[DATA EXTRACTS]
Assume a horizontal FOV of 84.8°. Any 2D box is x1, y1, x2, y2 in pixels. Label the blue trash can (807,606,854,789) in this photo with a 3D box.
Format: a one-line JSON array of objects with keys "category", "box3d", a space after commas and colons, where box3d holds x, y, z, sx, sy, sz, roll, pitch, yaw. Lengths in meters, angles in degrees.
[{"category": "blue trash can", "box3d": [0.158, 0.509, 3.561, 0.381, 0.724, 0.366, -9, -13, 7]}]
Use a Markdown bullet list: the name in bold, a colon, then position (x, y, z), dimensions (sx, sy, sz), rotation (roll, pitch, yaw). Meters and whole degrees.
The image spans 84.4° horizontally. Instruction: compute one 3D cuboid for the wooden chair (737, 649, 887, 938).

==

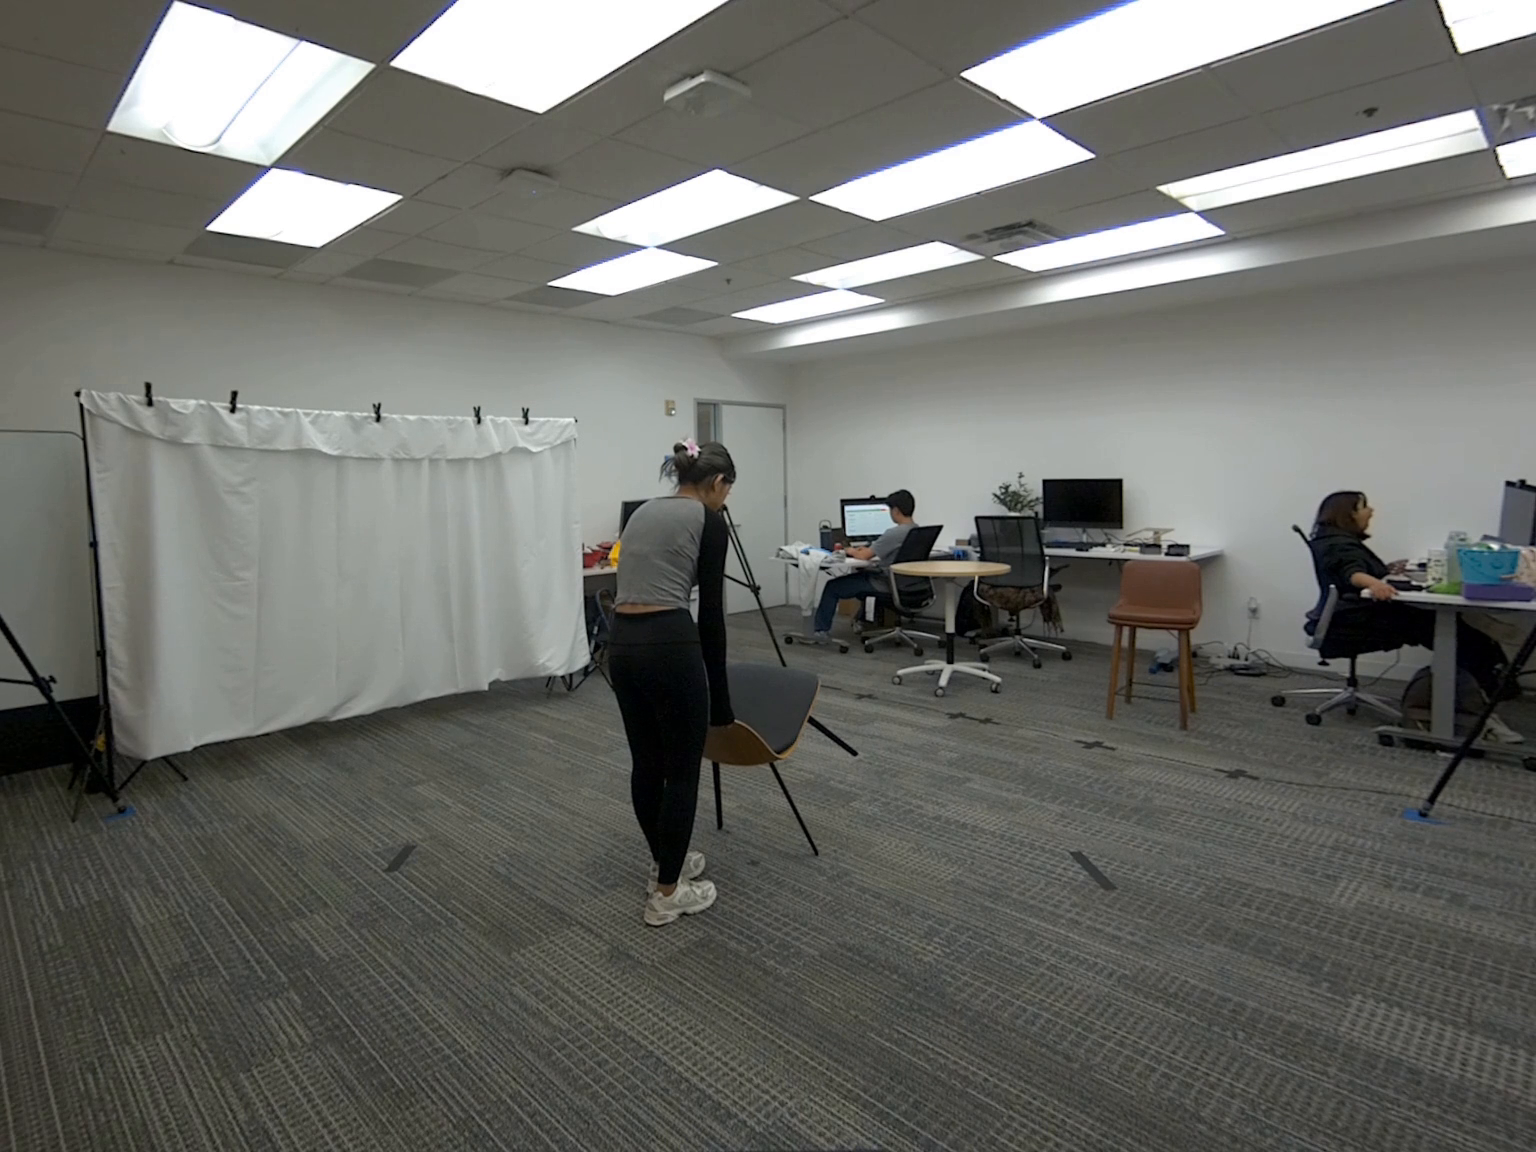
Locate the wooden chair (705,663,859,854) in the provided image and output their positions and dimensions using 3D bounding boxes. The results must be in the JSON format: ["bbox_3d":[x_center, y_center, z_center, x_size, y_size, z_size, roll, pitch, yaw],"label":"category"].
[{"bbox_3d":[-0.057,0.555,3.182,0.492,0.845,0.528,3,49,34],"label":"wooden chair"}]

[WORK REQUEST]
Copy out only the lines above from the one with "Use a Markdown" to the one with "The image spans", inclusive, exactly as they stand.

[RESULT OF THE EXERCISE]
Use a Markdown bullet list: the name in bold, a colon, then position (x, y, z), dimensions (sx, sy, sz), rotation (roll, pitch, yaw). Meters and whole degrees.
The image spans 84.4° horizontally. Instruction: compute one 3D cuboid for the wooden chair (737, 649, 887, 938).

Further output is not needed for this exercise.